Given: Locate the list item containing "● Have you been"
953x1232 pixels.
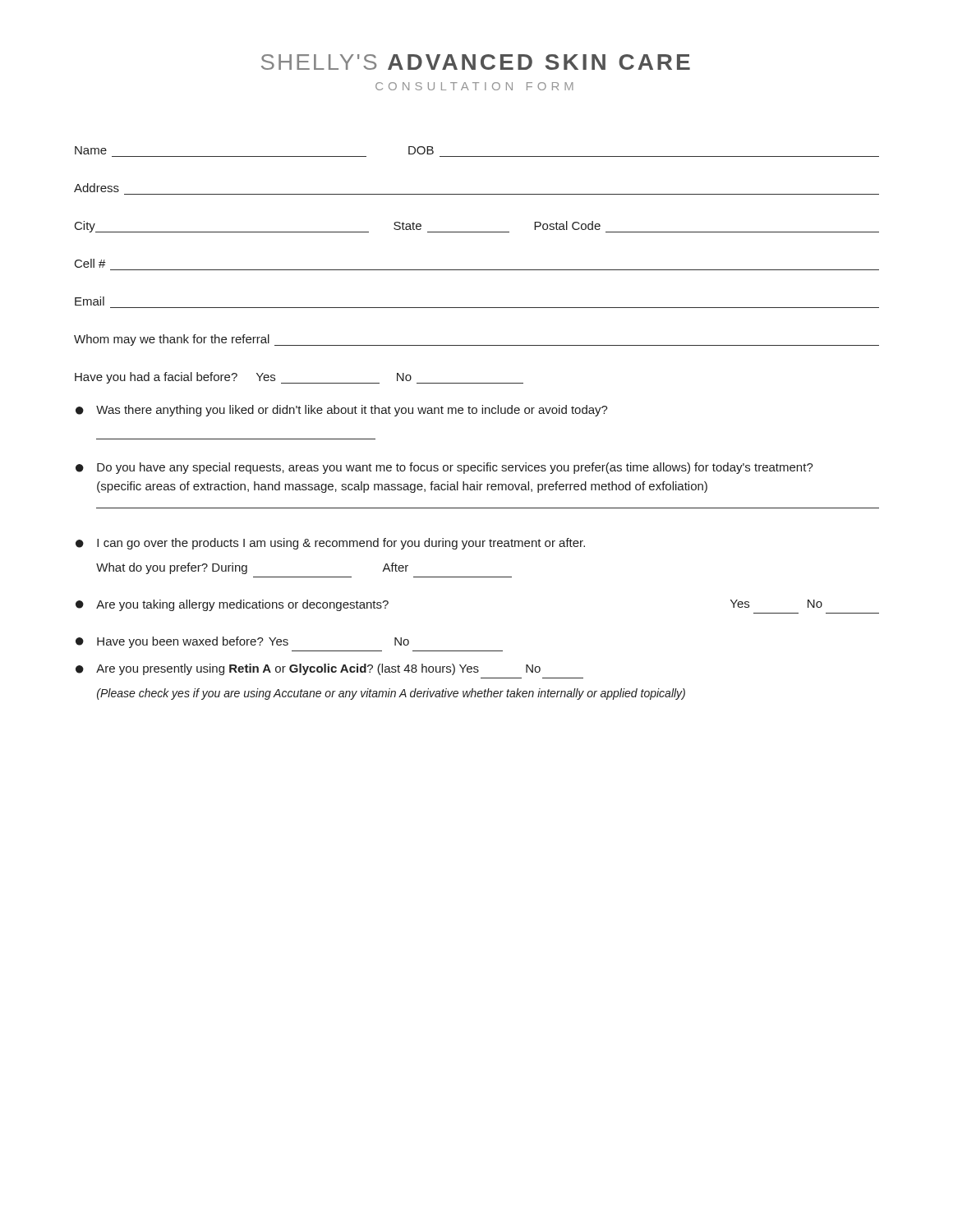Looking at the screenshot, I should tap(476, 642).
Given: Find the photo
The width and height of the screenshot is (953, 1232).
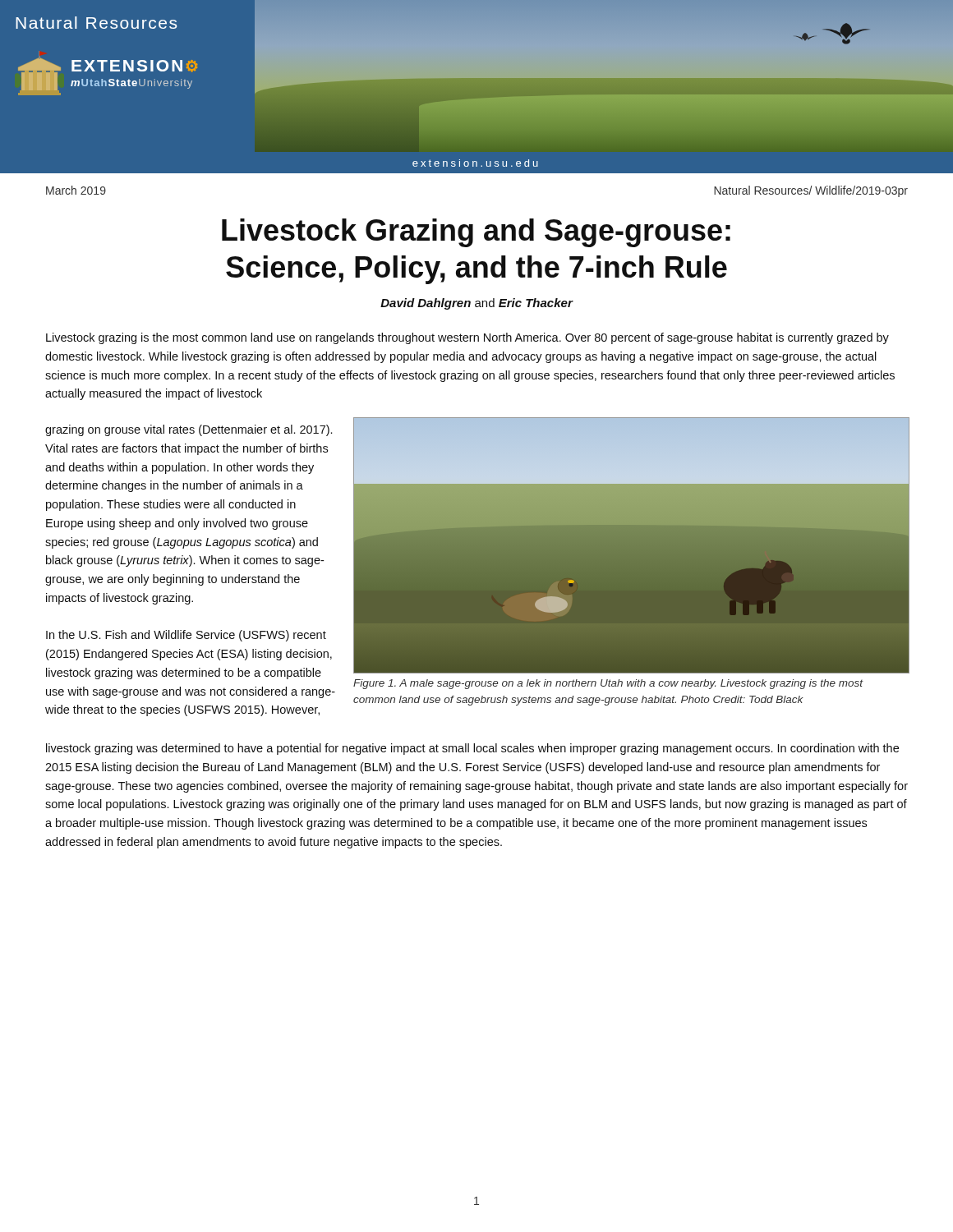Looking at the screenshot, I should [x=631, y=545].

------------------------------

▸ ACTIVITY
Each line from the one containing "The width and" through the last line of the entries above is to be extracted exactly. Pictures are not part of the copy.

▸ ANSWER TO THE PROBLEM
The width and height of the screenshot is (953, 1232).
Looking at the screenshot, I should [x=631, y=545].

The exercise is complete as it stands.